THE TASK: Your task is to copy the lines of the data below from the line holding "5. outline: (-65, -13.17)" through the line holding "F7_DEPTH = 8", inclusive, exactly and with nothing added.

(Extracted records)
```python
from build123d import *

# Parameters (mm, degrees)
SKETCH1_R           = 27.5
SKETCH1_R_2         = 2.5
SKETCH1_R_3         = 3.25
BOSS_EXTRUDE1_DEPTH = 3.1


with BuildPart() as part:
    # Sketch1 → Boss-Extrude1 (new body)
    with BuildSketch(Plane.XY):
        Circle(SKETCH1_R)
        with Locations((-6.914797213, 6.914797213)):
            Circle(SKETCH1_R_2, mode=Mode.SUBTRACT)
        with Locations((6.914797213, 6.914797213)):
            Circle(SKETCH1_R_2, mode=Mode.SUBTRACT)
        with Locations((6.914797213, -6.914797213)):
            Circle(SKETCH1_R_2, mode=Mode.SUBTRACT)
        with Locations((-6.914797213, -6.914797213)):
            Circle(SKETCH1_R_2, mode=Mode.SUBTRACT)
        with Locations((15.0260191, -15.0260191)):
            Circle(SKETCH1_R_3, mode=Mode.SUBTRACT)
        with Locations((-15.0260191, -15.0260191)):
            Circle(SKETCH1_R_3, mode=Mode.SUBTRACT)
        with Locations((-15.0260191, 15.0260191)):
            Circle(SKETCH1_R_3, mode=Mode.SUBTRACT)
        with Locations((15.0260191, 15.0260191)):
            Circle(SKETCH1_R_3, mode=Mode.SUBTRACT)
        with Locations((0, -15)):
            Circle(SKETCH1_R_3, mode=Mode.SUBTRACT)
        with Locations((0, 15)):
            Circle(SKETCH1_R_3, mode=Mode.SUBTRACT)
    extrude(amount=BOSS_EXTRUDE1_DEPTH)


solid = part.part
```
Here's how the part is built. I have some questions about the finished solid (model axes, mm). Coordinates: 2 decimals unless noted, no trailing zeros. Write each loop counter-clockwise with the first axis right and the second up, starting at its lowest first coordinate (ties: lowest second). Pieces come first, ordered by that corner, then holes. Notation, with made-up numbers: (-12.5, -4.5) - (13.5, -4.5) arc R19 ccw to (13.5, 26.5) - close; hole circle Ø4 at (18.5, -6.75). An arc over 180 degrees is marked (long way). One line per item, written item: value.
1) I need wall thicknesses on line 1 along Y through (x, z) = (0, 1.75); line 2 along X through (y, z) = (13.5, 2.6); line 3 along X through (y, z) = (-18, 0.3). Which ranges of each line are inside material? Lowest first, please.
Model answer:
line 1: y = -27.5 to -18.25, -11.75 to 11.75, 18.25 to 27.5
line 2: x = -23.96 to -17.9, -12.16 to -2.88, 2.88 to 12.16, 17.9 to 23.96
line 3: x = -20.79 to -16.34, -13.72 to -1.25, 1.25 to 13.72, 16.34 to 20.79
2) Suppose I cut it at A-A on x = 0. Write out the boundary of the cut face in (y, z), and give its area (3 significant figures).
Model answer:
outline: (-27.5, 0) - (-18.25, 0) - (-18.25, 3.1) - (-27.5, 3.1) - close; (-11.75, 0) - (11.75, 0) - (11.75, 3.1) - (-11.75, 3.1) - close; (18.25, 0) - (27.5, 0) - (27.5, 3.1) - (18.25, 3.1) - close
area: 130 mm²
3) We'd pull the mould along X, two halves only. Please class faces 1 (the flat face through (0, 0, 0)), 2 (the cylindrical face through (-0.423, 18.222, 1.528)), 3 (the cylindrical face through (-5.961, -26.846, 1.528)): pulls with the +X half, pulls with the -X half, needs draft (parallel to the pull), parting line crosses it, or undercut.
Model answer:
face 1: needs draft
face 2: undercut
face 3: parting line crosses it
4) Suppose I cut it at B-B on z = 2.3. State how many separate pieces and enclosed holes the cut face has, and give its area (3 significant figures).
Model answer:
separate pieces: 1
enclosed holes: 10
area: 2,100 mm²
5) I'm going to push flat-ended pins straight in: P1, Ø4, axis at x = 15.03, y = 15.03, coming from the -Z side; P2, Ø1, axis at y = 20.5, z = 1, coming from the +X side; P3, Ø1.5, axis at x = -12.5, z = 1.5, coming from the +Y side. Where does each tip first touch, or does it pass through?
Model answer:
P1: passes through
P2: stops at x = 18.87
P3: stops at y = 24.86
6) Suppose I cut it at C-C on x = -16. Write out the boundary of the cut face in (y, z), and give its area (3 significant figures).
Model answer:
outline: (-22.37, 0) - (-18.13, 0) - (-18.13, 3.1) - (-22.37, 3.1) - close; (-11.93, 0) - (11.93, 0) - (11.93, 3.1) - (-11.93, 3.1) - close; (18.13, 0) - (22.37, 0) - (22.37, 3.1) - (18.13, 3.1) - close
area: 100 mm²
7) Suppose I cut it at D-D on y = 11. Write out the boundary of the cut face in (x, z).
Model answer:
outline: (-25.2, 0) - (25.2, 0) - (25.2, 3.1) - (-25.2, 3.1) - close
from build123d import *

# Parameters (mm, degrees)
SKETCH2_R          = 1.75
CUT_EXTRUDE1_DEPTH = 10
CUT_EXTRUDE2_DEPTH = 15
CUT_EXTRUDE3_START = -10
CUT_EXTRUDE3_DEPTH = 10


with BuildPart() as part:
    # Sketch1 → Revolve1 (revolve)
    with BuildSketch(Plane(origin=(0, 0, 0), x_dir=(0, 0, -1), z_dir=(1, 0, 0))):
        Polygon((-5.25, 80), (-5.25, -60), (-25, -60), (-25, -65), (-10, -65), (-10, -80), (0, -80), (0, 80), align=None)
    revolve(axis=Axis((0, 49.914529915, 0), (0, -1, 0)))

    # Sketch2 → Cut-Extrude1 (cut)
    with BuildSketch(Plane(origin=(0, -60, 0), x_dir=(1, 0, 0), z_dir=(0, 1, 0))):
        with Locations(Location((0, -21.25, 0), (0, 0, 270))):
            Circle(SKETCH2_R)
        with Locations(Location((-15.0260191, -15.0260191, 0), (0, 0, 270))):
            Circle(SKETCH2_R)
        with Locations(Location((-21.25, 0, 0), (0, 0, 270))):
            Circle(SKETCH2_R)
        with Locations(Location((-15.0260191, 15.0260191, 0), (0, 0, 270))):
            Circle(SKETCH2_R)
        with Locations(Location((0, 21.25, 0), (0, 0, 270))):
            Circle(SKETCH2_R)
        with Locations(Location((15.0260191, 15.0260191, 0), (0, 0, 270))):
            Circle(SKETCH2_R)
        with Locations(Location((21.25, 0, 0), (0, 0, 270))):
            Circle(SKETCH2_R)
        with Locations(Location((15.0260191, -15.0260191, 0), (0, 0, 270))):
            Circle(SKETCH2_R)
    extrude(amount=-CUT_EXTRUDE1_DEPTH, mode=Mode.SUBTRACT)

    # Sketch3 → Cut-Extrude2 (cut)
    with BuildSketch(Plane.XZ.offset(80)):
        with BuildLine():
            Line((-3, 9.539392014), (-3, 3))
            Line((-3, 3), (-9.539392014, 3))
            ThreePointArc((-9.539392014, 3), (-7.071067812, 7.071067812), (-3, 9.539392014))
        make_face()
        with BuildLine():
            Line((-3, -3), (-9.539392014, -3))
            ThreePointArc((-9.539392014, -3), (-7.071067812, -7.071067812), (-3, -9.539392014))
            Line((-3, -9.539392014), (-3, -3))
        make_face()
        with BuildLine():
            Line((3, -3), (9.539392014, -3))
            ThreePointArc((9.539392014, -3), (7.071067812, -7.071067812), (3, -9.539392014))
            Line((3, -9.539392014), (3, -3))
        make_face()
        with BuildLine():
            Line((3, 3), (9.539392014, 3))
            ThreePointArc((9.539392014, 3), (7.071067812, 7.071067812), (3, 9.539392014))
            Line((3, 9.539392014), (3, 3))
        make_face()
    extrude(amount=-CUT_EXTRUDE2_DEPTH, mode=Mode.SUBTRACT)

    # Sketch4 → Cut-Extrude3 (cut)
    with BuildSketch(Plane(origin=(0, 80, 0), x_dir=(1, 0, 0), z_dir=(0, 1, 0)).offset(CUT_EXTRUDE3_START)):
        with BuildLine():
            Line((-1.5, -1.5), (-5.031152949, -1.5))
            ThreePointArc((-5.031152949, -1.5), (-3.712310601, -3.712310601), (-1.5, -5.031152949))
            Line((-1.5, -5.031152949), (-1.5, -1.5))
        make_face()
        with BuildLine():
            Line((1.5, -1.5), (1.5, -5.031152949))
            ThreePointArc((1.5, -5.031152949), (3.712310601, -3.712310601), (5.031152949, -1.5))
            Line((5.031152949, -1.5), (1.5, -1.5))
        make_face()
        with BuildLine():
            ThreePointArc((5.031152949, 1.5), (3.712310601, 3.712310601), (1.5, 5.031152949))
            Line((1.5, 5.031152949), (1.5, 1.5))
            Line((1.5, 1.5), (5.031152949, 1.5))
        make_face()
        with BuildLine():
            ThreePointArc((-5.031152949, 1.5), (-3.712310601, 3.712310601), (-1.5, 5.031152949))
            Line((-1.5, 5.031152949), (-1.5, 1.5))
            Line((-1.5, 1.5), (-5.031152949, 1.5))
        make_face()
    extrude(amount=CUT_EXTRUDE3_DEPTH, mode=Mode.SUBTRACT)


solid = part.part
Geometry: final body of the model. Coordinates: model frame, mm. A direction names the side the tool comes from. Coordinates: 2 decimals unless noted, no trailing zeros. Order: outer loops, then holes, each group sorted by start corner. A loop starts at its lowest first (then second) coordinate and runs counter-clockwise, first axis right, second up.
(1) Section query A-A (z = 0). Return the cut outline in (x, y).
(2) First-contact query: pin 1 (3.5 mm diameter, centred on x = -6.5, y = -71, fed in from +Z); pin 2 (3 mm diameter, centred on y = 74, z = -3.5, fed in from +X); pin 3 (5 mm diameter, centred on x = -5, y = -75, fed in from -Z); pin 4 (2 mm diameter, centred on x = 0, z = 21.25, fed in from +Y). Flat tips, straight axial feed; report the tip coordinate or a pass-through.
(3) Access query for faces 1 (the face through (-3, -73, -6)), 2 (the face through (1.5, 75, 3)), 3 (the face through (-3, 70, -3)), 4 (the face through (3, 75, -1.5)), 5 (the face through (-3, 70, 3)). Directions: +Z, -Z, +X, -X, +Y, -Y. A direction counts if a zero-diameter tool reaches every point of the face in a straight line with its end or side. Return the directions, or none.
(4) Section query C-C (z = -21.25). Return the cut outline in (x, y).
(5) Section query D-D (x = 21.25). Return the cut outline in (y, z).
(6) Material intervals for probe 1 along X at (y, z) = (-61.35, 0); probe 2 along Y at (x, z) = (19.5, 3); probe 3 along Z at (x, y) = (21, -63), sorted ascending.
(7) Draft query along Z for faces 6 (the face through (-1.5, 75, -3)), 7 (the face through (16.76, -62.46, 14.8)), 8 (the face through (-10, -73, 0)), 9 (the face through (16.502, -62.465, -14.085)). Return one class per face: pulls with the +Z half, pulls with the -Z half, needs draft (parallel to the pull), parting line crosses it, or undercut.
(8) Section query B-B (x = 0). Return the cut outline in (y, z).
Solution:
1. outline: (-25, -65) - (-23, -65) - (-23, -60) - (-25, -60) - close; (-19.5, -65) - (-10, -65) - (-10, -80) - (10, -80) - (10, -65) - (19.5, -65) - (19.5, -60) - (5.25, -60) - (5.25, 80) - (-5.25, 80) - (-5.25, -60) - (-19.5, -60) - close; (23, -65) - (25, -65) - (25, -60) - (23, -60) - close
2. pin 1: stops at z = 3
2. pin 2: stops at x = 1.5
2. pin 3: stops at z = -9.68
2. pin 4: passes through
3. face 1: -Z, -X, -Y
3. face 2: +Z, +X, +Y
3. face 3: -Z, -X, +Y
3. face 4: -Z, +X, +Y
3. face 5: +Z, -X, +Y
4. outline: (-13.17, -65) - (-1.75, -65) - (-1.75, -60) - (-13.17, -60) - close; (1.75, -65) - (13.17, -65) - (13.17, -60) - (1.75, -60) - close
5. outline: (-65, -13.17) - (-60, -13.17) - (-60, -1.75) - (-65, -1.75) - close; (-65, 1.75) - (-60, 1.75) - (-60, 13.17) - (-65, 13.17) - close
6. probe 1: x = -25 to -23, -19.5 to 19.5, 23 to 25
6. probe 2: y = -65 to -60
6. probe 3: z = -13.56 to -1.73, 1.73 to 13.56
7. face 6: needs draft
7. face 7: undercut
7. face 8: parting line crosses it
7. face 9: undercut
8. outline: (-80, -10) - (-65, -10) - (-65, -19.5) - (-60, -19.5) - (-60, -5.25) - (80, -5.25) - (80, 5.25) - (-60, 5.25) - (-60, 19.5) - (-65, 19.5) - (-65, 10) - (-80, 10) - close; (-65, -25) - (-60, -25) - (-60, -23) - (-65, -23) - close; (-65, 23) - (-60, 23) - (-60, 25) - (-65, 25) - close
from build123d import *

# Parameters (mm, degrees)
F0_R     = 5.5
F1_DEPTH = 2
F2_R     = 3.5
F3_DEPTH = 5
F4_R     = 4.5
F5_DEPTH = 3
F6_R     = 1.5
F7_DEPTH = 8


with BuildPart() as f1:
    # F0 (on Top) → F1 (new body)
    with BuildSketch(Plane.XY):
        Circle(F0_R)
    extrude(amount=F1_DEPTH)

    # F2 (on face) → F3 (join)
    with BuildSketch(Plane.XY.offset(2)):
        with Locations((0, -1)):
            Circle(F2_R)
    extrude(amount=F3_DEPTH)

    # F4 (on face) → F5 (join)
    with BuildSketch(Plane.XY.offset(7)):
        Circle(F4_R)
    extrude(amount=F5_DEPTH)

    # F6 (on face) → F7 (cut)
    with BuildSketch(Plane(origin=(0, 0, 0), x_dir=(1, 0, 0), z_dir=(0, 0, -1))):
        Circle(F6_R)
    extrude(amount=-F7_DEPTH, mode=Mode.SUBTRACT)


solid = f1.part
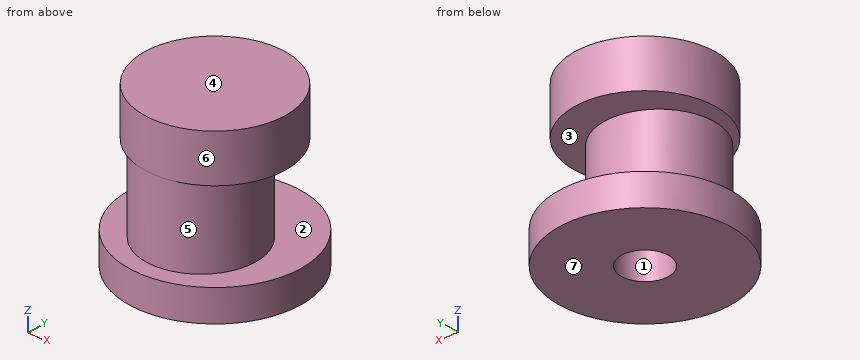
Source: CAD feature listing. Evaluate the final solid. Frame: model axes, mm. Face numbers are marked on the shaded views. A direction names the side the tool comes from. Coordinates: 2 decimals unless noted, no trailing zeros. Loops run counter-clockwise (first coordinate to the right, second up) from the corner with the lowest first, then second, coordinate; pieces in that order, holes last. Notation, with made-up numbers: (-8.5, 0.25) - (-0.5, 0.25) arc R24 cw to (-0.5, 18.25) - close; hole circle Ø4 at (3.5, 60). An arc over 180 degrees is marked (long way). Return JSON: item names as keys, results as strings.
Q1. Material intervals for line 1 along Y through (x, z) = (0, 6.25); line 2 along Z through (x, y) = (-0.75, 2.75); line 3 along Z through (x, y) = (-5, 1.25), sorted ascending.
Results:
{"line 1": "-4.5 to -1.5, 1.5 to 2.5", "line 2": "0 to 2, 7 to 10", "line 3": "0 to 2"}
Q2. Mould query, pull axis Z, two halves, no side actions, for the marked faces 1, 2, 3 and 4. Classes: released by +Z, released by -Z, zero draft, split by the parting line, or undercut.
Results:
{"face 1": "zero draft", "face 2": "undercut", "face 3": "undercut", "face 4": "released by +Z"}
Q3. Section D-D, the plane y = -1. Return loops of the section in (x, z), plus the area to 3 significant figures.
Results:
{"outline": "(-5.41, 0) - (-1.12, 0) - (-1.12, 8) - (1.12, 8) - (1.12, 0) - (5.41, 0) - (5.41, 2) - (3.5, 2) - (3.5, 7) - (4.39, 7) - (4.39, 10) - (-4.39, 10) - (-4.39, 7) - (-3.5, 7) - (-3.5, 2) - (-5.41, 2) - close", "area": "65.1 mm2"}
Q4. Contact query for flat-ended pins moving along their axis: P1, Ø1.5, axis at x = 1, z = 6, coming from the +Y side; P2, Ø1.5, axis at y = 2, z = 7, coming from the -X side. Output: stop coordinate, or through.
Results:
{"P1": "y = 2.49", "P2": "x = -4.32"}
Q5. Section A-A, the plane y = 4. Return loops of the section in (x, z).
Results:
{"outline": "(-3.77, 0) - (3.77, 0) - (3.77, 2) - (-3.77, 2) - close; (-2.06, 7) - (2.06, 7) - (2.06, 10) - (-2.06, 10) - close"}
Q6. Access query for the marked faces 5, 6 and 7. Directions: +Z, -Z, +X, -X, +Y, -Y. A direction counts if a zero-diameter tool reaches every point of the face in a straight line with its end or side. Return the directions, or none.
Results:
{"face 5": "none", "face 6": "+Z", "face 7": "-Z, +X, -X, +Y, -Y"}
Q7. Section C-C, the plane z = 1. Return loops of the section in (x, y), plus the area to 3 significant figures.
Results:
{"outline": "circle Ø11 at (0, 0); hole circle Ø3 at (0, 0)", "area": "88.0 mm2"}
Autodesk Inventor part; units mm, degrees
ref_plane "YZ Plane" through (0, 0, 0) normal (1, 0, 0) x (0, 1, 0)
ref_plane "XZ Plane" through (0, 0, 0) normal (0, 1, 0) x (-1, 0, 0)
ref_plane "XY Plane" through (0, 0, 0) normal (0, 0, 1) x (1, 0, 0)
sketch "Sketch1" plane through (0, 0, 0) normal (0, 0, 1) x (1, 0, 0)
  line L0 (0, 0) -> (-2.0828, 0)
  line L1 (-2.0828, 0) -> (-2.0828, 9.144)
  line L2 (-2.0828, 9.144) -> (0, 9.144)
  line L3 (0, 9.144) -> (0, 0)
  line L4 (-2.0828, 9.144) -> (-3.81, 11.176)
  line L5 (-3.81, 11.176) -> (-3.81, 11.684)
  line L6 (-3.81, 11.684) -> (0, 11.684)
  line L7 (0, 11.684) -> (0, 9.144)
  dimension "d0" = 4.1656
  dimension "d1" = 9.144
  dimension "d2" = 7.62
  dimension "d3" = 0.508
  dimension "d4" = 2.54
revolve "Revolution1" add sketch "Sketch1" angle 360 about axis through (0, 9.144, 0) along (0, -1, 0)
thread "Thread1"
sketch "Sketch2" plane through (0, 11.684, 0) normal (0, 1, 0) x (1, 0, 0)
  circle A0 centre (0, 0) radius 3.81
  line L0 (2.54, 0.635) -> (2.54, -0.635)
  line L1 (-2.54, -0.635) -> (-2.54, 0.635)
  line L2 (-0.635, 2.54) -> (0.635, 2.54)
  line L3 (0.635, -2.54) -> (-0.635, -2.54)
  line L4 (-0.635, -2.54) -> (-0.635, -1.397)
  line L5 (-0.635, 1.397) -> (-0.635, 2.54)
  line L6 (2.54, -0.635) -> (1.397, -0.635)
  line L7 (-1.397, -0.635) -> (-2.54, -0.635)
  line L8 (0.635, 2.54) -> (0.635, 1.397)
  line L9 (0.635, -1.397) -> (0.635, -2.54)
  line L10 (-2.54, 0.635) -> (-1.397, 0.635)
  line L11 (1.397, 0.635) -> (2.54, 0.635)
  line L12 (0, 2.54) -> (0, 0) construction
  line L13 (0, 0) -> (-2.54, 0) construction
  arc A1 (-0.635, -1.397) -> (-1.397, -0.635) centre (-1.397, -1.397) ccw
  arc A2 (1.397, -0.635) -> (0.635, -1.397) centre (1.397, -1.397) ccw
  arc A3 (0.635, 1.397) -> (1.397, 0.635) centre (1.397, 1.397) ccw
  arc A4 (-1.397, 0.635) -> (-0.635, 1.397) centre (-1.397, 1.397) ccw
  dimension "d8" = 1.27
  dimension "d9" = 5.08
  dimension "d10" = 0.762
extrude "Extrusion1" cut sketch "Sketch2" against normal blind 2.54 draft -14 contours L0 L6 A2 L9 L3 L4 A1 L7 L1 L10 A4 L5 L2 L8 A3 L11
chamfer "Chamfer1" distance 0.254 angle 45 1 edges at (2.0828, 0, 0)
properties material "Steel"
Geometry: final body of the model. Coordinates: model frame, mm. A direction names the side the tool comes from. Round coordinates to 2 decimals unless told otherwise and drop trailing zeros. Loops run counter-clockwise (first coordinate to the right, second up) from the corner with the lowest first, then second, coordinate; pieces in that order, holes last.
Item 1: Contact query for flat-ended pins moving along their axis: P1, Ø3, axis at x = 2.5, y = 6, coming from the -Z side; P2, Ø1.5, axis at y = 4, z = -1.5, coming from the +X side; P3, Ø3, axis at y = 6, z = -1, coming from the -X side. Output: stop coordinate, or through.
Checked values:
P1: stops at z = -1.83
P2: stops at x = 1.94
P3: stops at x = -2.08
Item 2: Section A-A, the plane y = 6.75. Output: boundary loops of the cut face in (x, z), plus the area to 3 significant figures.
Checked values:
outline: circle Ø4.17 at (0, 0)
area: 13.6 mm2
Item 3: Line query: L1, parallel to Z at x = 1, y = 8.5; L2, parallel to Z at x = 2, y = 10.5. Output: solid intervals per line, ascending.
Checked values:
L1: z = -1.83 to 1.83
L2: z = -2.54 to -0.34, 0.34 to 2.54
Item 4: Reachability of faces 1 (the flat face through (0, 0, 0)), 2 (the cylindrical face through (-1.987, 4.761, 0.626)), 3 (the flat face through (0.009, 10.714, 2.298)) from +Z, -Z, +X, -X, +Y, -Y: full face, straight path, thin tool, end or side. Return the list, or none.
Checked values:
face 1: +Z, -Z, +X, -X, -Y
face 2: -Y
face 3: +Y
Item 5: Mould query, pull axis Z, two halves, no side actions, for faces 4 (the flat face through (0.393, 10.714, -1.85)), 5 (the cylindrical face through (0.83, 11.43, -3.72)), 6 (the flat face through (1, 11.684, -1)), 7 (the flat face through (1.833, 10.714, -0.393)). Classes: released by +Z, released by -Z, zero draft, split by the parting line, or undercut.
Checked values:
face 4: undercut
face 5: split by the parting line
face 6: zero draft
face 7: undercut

ANSWER TO THE PROBLEM:
5. outline: (-65, -13.17) - (-60, -13.17) - (-60, -1.75) - (-65, -1.75) - close; (-65, 1.75) - (-60, 1.75) - (-60, 13.17) - (-65, 13.17) - close
6. probe 1: x = -25 to -23, -19.5 to 19.5, 23 to 25
6. probe 2: y = -65 to -60
6. probe 3: z = -13.56 to -1.73, 1.73 to 13.56
7. face 6: needs draft
7. face 7: undercut
7. face 8: parting line crosses it
7. face 9: undercut
8. outline: (-80, -10) - (-65, -10) - (-65, -19.5) - (-60, -19.5) - (-60, -5.25) - (80, -5.25) - (80, 5.25) - (-60, 5.25) - (-60, 19.5) - (-65, 19.5) - (-65, 10) - (-80, 10) - close; (-65, -25) - (-60, -25) - (-60, -23) - (-65, -23) - close; (-65, 23) - (-60, 23) - (-60, 25) - (-65, 25) - close
from build123d import *

# Parameters (mm, degrees)
F0_R     = 5.5
F1_DEPTH = 2
F2_R     = 3.5
F3_DEPTH = 5
F4_R     = 4.5
F5_DEPTH = 3
F6_R     = 1.5
F7_DEPTH = 8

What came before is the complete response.